製造業の雇用者数と労働生産性との関係をみると、労働生産性の水準がトレンドを下回ると雇用者数は減少に転じる(
第36図
)。今回の急激かつ大幅な雇用者数の減少は、バブルの精算が終了しきれていない状況で、再び生産の減少が始まったため、両者の影響が重複したものと考えられる。
(不透明感の増大による雇用過剰感の高まり)
ただし、労働生産性の低下幅や企業収益の悪化の程度に比べ、雇用過剰感がかつてなく高まっている(
第37図
)。

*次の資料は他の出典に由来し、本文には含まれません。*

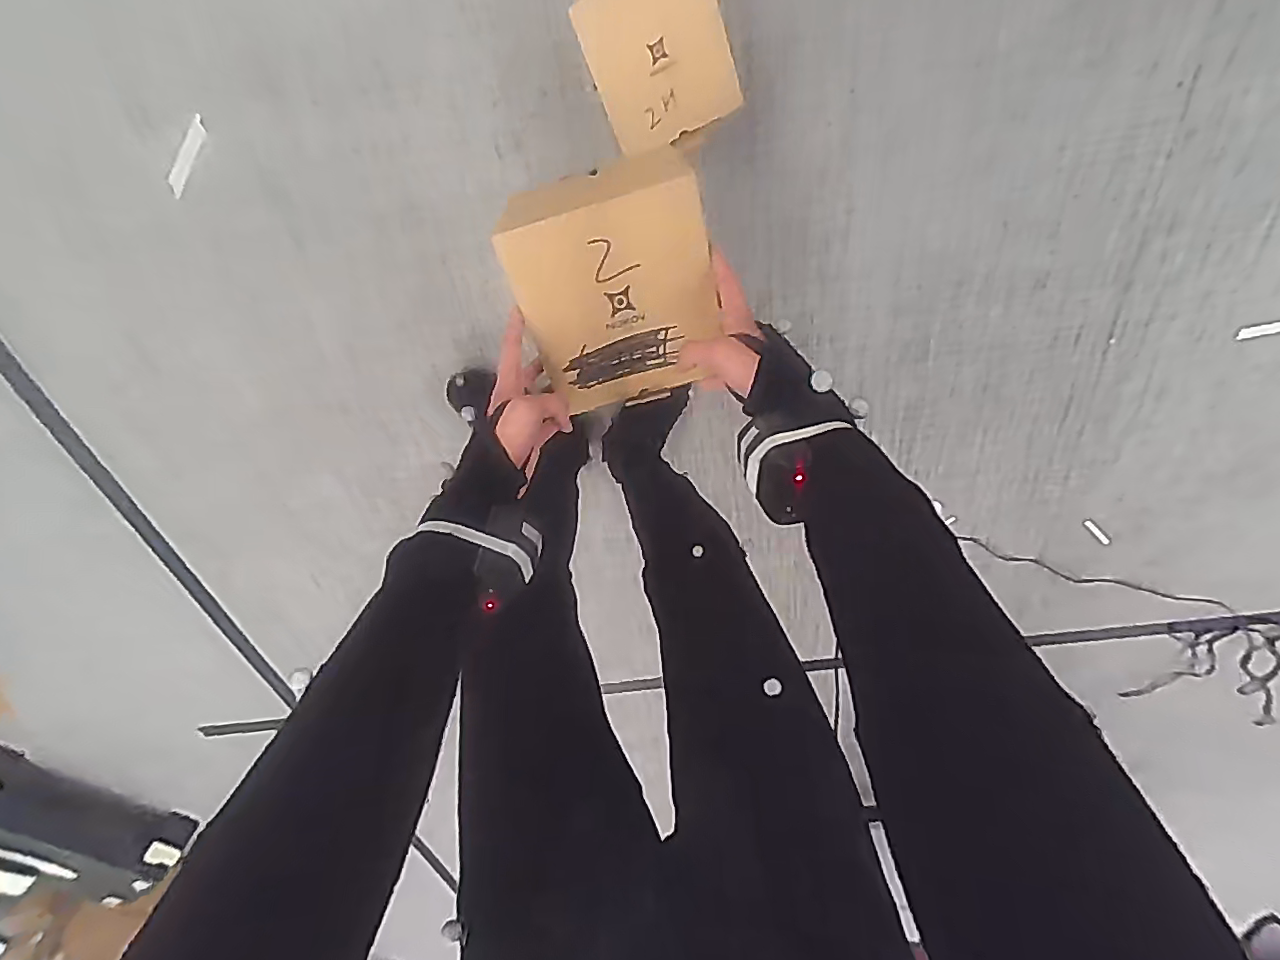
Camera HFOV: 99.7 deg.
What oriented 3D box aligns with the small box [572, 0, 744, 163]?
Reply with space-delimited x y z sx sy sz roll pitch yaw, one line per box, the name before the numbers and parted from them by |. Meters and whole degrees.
small box | 0.023 -0.552 0.723 0.168 0.176 0.179 -20 122 11
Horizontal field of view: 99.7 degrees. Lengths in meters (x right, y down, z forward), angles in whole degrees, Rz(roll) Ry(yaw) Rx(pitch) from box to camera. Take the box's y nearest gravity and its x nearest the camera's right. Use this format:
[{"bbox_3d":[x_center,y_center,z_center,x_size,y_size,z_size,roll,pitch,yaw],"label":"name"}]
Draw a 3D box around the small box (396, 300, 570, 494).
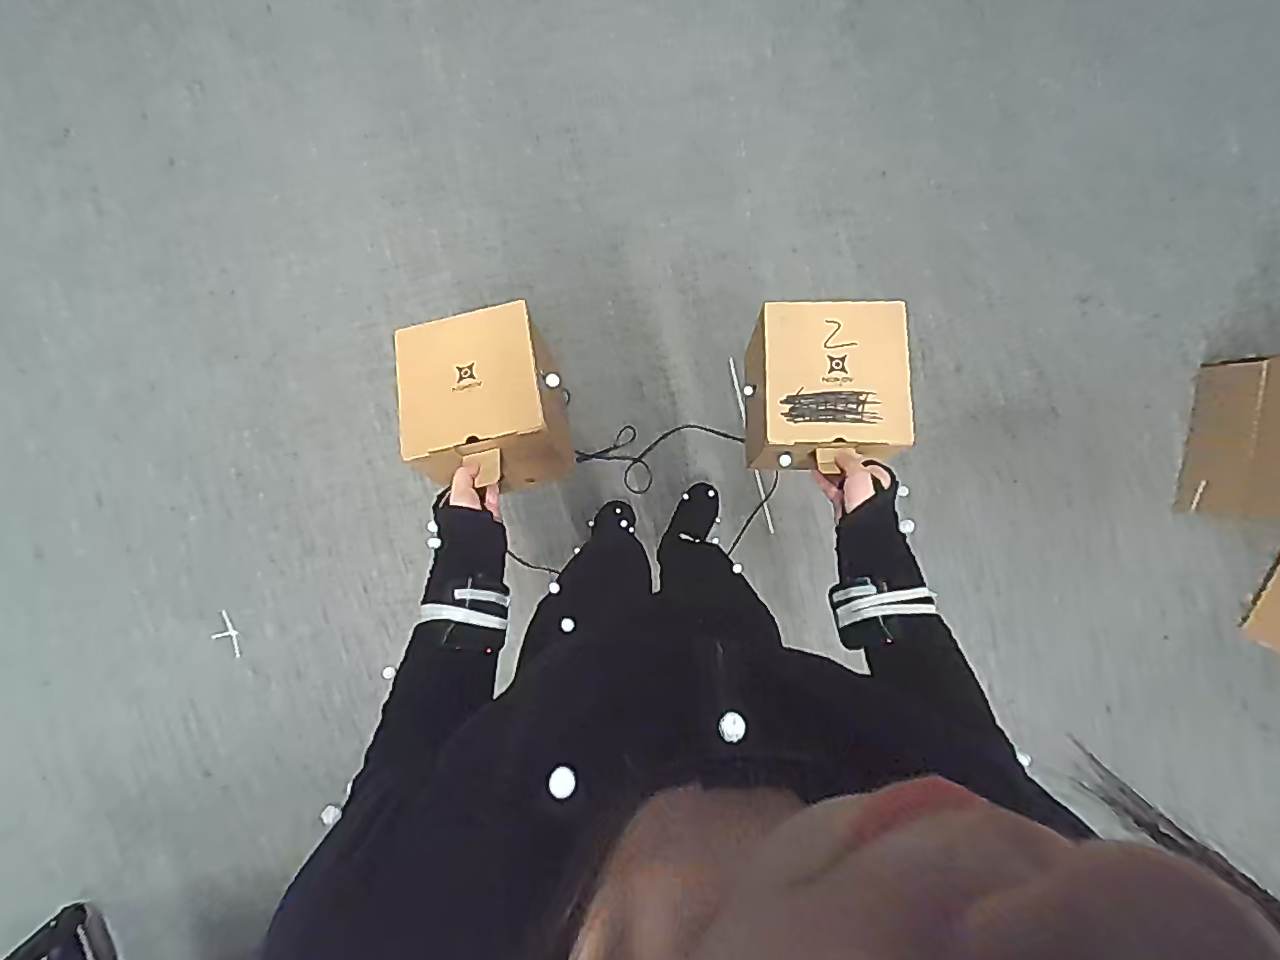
[{"bbox_3d":[-0.198,-0.100,0.710,0.168,0.176,0.179,-13,71,2],"label":"small box"}]
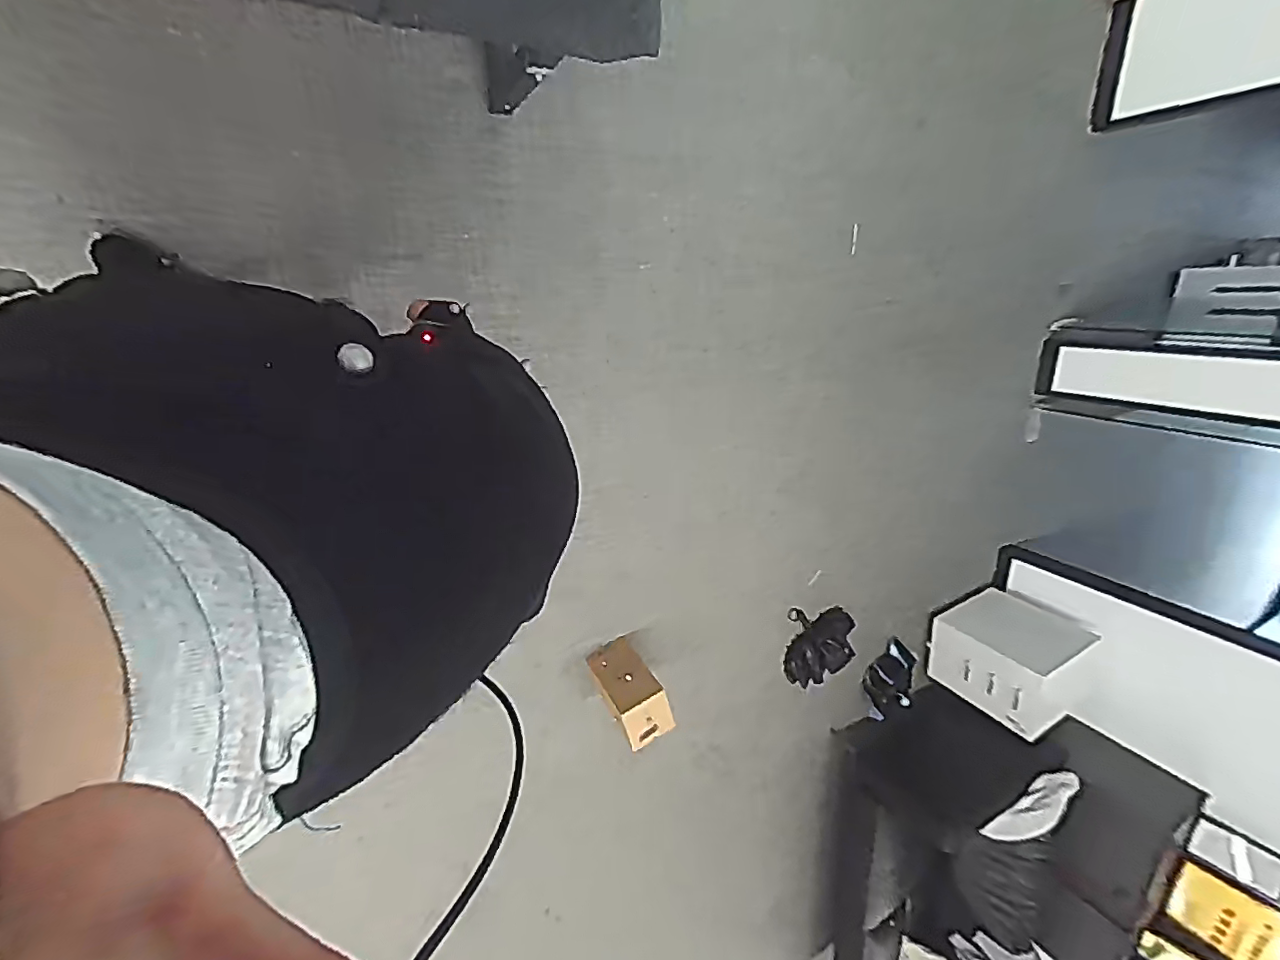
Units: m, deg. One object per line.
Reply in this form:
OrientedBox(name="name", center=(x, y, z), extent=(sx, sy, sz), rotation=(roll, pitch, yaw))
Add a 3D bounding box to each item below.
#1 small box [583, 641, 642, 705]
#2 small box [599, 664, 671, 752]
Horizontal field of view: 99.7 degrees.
OrientedBox(name="small box", center=(-0.090, 0.715, 1.965), extent=(0.168, 0.176, 0.179), rotation=(-25, 119, -19))
OrientedBox(name="small box", center=(-0.019, 0.761, 1.824), extent=(0.168, 0.176, 0.179), rotation=(-24, 116, -20))
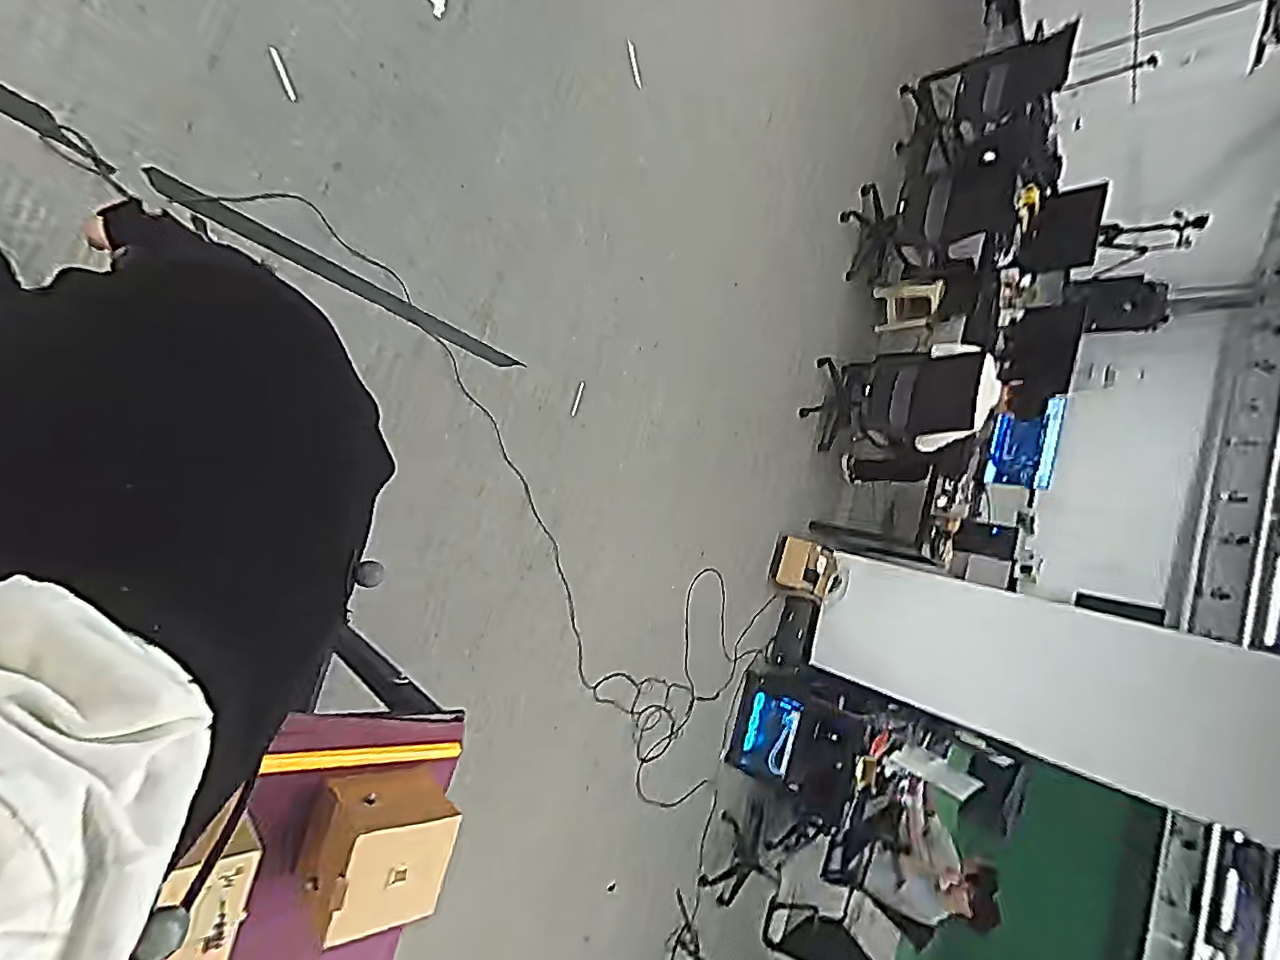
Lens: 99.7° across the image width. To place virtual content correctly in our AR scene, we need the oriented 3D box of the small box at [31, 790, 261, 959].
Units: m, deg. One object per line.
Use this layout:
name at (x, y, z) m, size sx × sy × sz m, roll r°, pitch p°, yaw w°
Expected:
small box at (-0.621, 0.524, 0.682) m, size 0.179 × 0.176 × 0.168 m, roll 21°, pitch 82°, yaw -45°

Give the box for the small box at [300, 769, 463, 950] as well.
small box at (-0.430, 0.606, 0.893) m, size 0.179 × 0.176 × 0.168 m, roll 21°, pitch 82°, yaw -44°
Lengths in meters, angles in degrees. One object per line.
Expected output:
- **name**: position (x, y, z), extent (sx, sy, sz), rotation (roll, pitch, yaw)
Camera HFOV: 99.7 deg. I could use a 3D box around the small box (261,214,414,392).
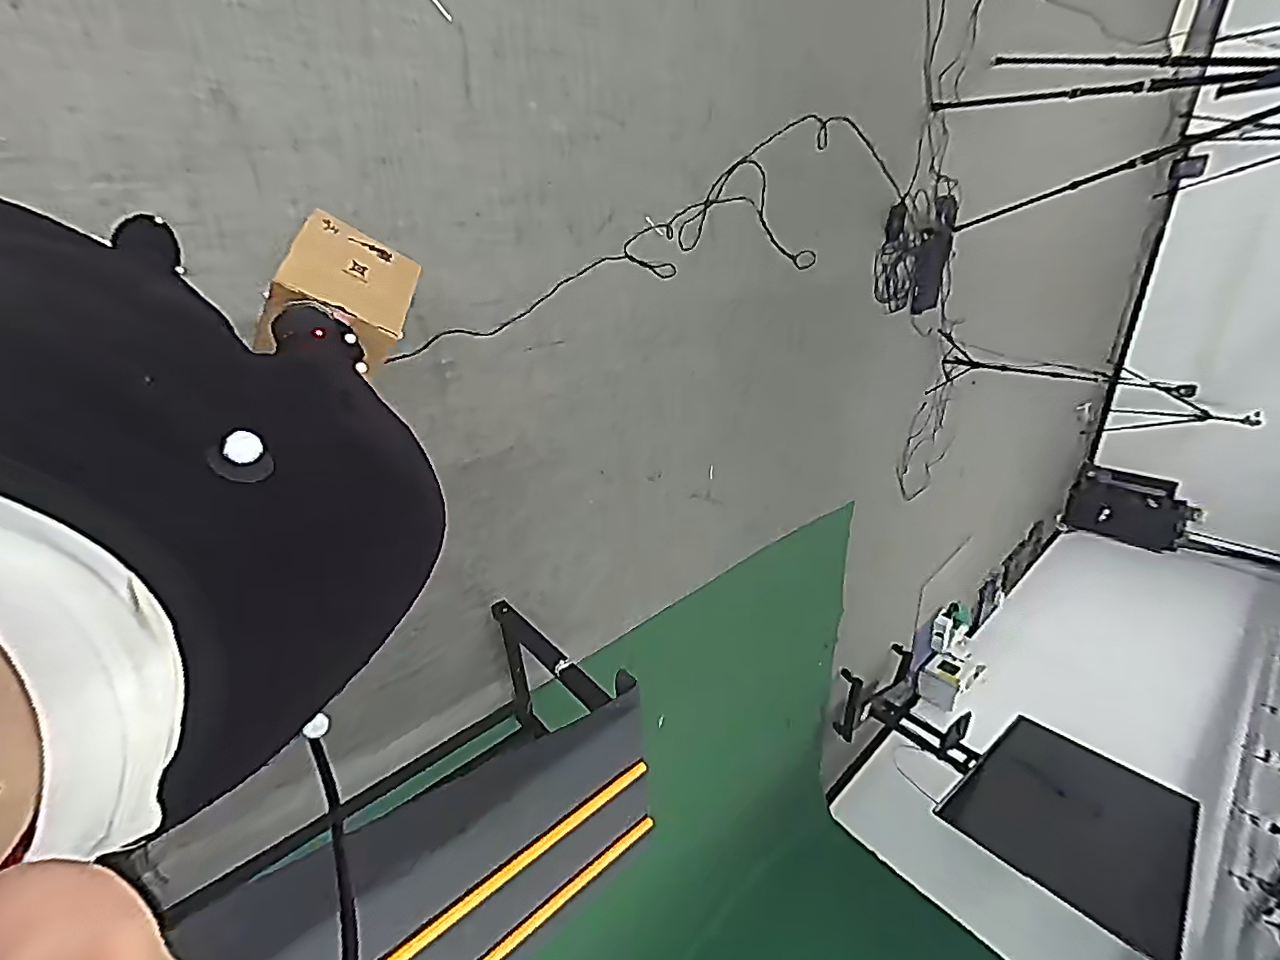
- **small box**: position (-0.481, -0.270, 0.861), extent (0.168, 0.176, 0.179), rotation (19, 50, -32)

将来の不透明感の高まりが、期待成長率を低下させ、雇用過剰感を一層強くしているものと考えられる。なお、グローバル化が進む資本市場の要請を背景として、雇用保蔵の早期解消を図る動きが強まっていることにも留意する必要がある。
(速くなっている雇用調整)
中期的にみると、バブル崩壊後、生産の変動に対する企業の雇用調整行動はやや速まっている。製造業では、常雇の雇用調整速度の速まりに加え、雇用調整速度がかなり速い臨時・日雇比率の上昇も影響している。一方、サービス業ではむしろ遅くなっており、生産の増加に対する雇用増が慎重になっていることを示している(
第38図
)。
また、企業は、経常利益が2期連続赤字になると大幅に雇用調整を実施するが、バブル崩壊以降、企業収益が赤字になった場合に、より迅速に雇用量を調整させつつある(
第39図
)。
(入職抑制中心の雇用調整)
製造業では、入職率により雇用変動の7割以上を説明できるのに対し、離職率の説明力は1割にも満たず、企業は入職抑制により雇用量を調整している。また、大企業でその傾向が強い(
第40図
)。
一貫して雇用者数の減少が続いている鉄鋼業では、入職抑制による雇用量の調整が限界に近づいているため、雇用量の調整は離職率によるところが大きくなっている(
前掲第40図
)。
製造業の入職率は、1990年代に入って一段と低下し、かなり低い水準にまで低下してきている(
第41図
)。今後、産業構造調整が一層大きくなると見込まれる中で、一層の入職抑制による対応は困難となる可能性があり、既存労働者の雇用に与える影響を注視していく必要がある。